Don’t look now, but the airline industry is getting rich off fees. Very rich.
The industry collected $2.5 billion in luggage fees for the first three quarters of the year, according to data released by the government yesterday. The damage from ticket change fees? $1.7 billion.
Delta Air Lines wins in both ticket change fees ($530 million) and luggage fees ($733 million). American Airlines came in second place ($353 million/$431 million) and United Airlines took third place for change fees ($243 million) while US Airways showed in the baggage category with $388 million collected in the first three quarters of the year.
Needless to say, passengers are furious about these fees.
“Airlines continue to insult my intelligence,” says reader Scott Higbee. “The baggage fee is a money-grab, pure and simple.”
If this had been a legitimate “unbundling” action, then airlines would have lowered their fares when they added baggage and change fees, he says. But ticket prices didn’t go down. In fact, they’ve been increasing and are expected to rise even more in 2011.

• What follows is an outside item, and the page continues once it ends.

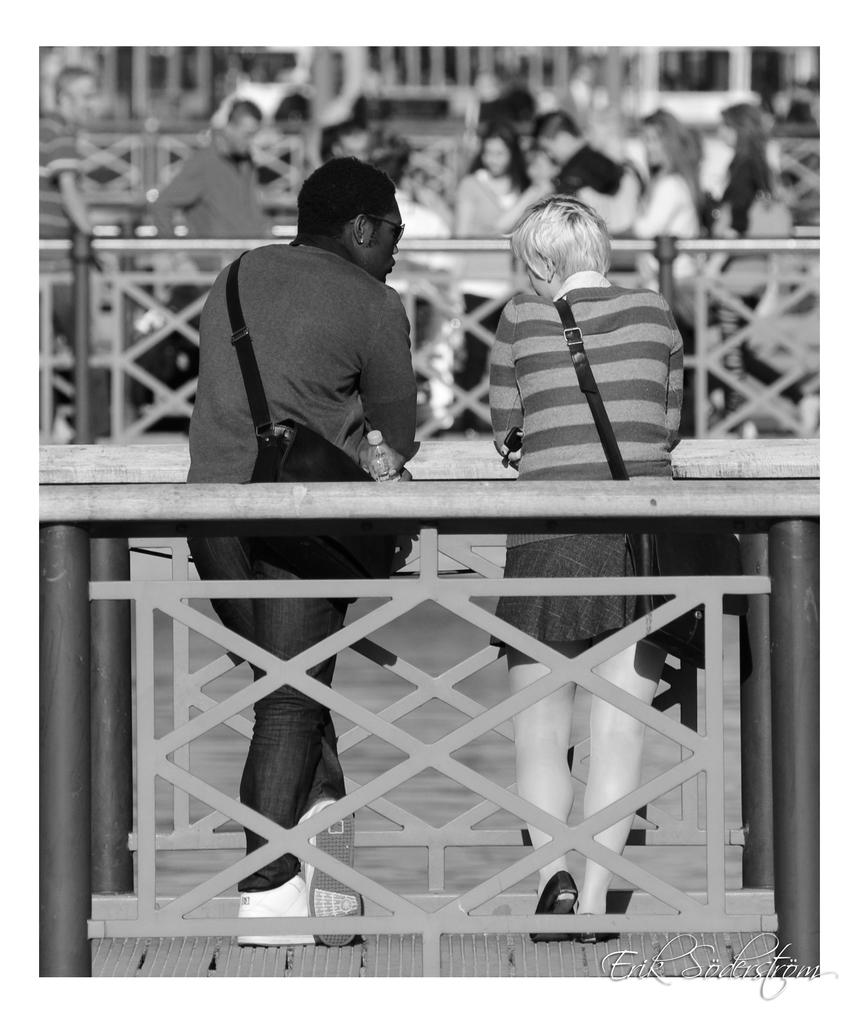How many people are present in the image? There are two people in the image. What are the two people doing in the image? The two people are carrying bags and standing on a platform. Can you describe the background of the image? There is a group of people in the background of the image, but they are blurry or out of focus. What type of coal is being used by the tiger in the image? There is no tiger present in the image, and therefore no coal or any related activity can be observed.

(Ironically, the airline industry is still complaining about its profits, which it calls “pathetic.”)
There’s more to this story, and in order to tell it, I have to rewind to an earlier column about good airline fees and bad airline fees.
Good fees, as I explain, add a service that the airline didn’t have before, like onboard Wi-Fi; bad fees take something away that used to come with the ticket, like the ability to check a bag or make a confirmed seat reservation, without lowering ticket prices in a meaningful way.